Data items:
- - - -
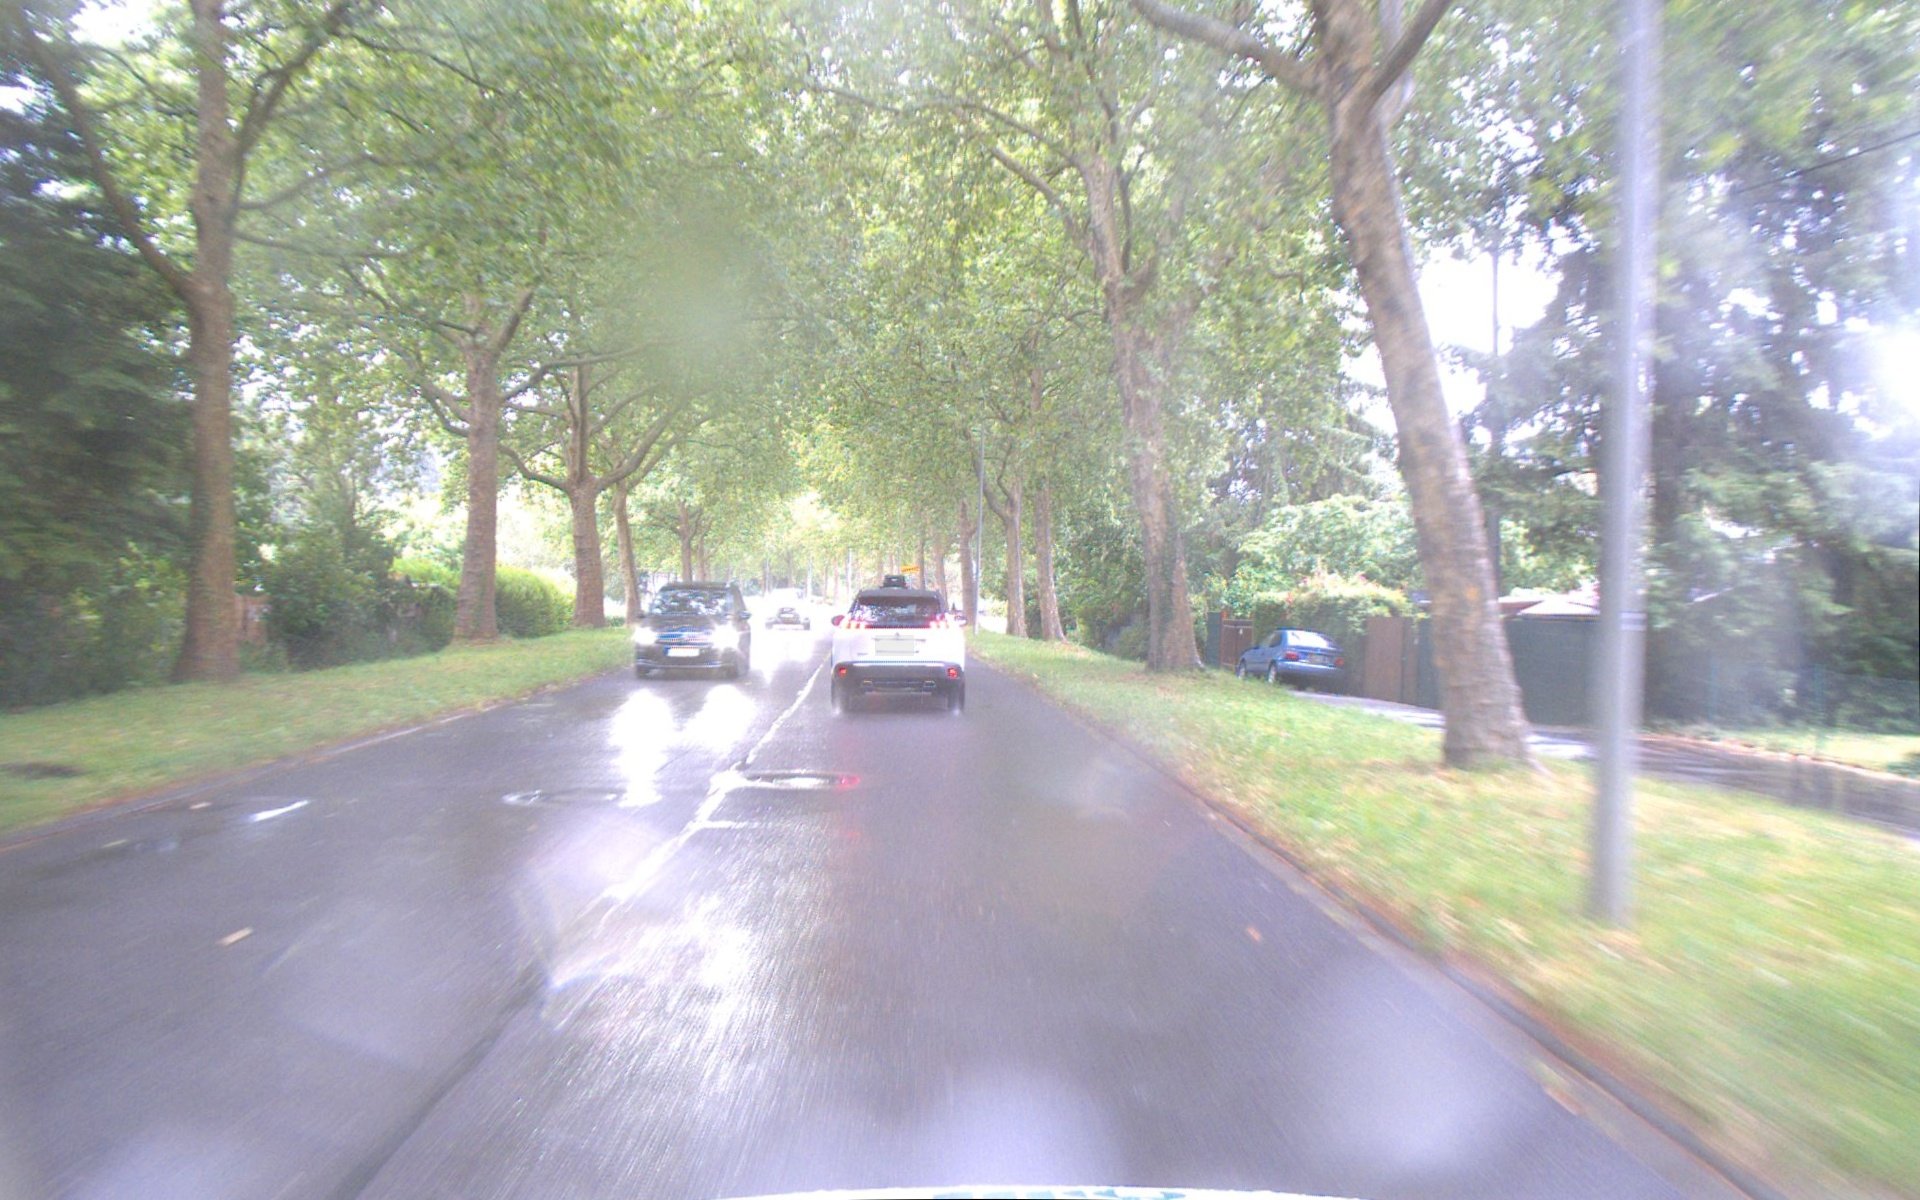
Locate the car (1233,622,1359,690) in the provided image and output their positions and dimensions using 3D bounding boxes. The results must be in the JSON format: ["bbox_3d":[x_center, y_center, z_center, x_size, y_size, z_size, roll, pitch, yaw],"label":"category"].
[{"bbox_3d":[8.121,1.330,40.348,1.762,1.348,3.994,6,-1,-7],"label":"car"}]

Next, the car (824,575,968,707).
[{"bbox_3d":[-0.824,0.514,22.623,1.757,1.606,3.843,1,0,-1],"label":"car"}]

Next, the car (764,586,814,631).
[{"bbox_3d":[-7.059,0.336,68.636,1.772,1.758,4.452,1,0,-3],"label":"car"}]

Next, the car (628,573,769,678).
[{"bbox_3d":[-4.587,0.413,29.648,1.781,1.683,4.773,1,0,-1],"label":"car"}]
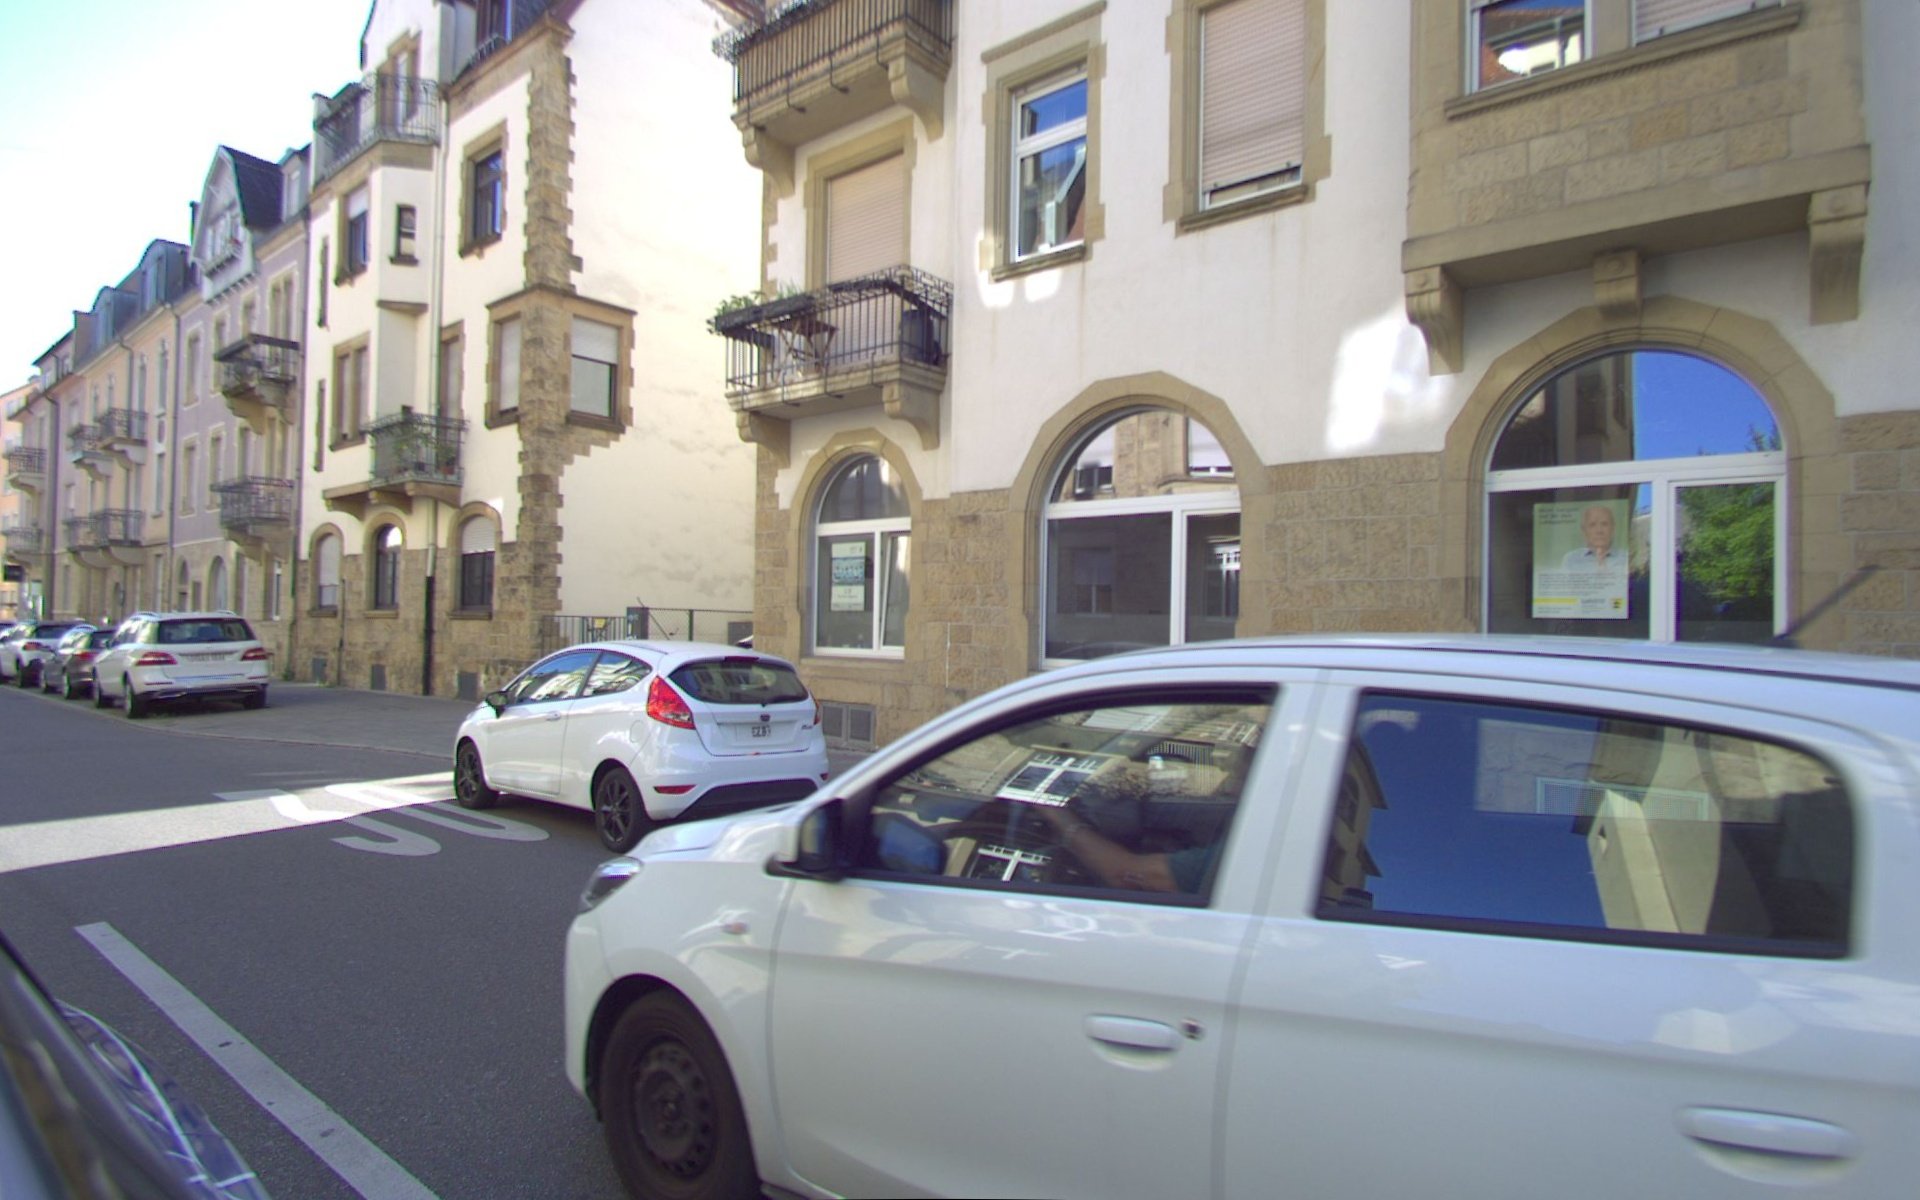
- - - -
• Task to complete: Reproduce each line of the records exactly, and omit every picture.

• Exercise response:
Locate the car (1233,622,1359,690) in the provided image and output their positions and dimensions using 3D bounding boxes. The results must be in the JSON format: ["bbox_3d":[x_center, y_center, z_center, x_size, y_size, z_size, roll, pitch, yaw],"label":"category"].
[{"bbox_3d":[8.121,1.330,40.348,1.762,1.348,3.994,6,-1,-7],"label":"car"}]

Next, the car (824,575,968,707).
[{"bbox_3d":[-0.824,0.514,22.623,1.757,1.606,3.843,1,0,-1],"label":"car"}]

Next, the car (764,586,814,631).
[{"bbox_3d":[-7.059,0.336,68.636,1.772,1.758,4.452,1,0,-3],"label":"car"}]

Next, the car (628,573,769,678).
[{"bbox_3d":[-4.587,0.413,29.648,1.781,1.683,4.773,1,0,-1],"label":"car"}]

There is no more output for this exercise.